17.04.2020
When we fall in love with someone, we feel butterflies in the stomach and endless happiness if our feelings are mutual. Over time, we open up like a flower, showing what there is inside, we trust and become vulnerable. One person becomes the whole universe, the main source of energy and inspiration. Maybe it’s one of the reasons why it’s so difficult to face betrayal. Your soul breaks into a hundred pieces and each part starts bleeding. Emotional wounds need much more time to heal than physical ones, and they also leave scars that don’t allow you to completely forget about what happened.
To be betrayed by a close person is to face the strongest of your fears, make eye contact and try to stay on your feet even though your body is shaking, and you want to scream. Relationships are one of the best things ever that can make you both the happiest and the most unhappy person in the whole world. Everything is way too much complicated here.
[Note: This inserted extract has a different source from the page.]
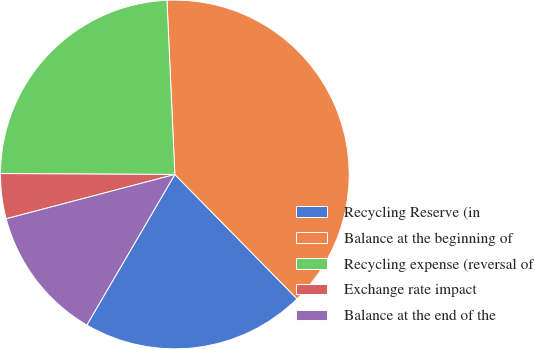<chart> <loc_0><loc_0><loc_500><loc_500><pie_chart><fcel>Recycling Reserve (in<fcel>Balance at the beginning of<fcel>Recycling expense (reversal of<fcel>Exchange rate impact<fcel>Balance at the end of the<nl><fcel>20.78%<fcel>38.36%<fcel>24.2%<fcel>4.17%<fcel>12.49%<nl></chart>

It’s difficult without them, but having got through betrayal once, it’s hard to make oneself try again and believe in the possibility of happily ever after or at least start dating online.
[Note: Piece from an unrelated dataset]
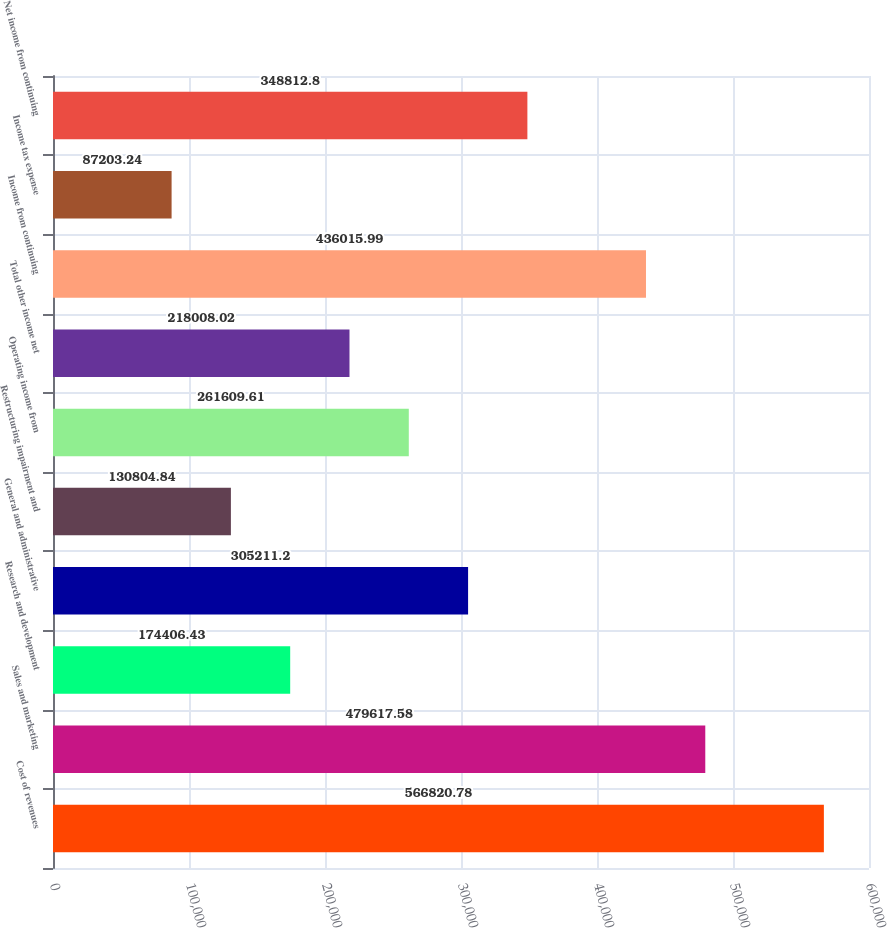Convert chart to OTSL. <chart><loc_0><loc_0><loc_500><loc_500><bar_chart><fcel>Cost of revenues<fcel>Sales and marketing<fcel>Research and development<fcel>General and administrative<fcel>Restructuring impairment and<fcel>Operating income from<fcel>Total other income net<fcel>Income from continuing<fcel>Income tax expense<fcel>Net income from continuing<nl><fcel>566821<fcel>479618<fcel>174406<fcel>305211<fcel>130805<fcel>261610<fcel>218008<fcel>436016<fcel>87203.2<fcel>348813<nl></chart>

You might have heard about such a thing as a post-traumatic syndrome (PTSD), even though it was officially recognized as a disease only in the 1980s due to the efforts of American war veterans who experienced it. PTSD is often associated with people who have gone through the war, but the disorder can develop due to any traumatic event. And betrayal is one of the most traumatic emotional experiences along with the death of loved ones. In fact, betrayal is the death of certain beliefs, trust, close relationships – you didn’t die like people, but you died as partners who supposed to have each other's back no matter what.
Personal relationships can be very complicated, but many problems and barriers can be overcome. But when a loved one betrays, it is a whole different thing. This is no longer a problem that can be solved. It turns the whole world upside down. You start suffering from a betrayal trauma – your brain starts sending a signal that you are not safe anymore. This is a severe soul wound, the healing of which sometimes takes years. It can be one of the reasons why you refuse to meet women and start new relationships.
Betrayal causes great fear and activates a stress response. Among main betrayal trauma symptoms are increased level of cortisol in your blood (stress hormone), problems with the adrenal glands and digestion, fatigue, perplexity, depression, anger and rage, a feeling of deep humiliation.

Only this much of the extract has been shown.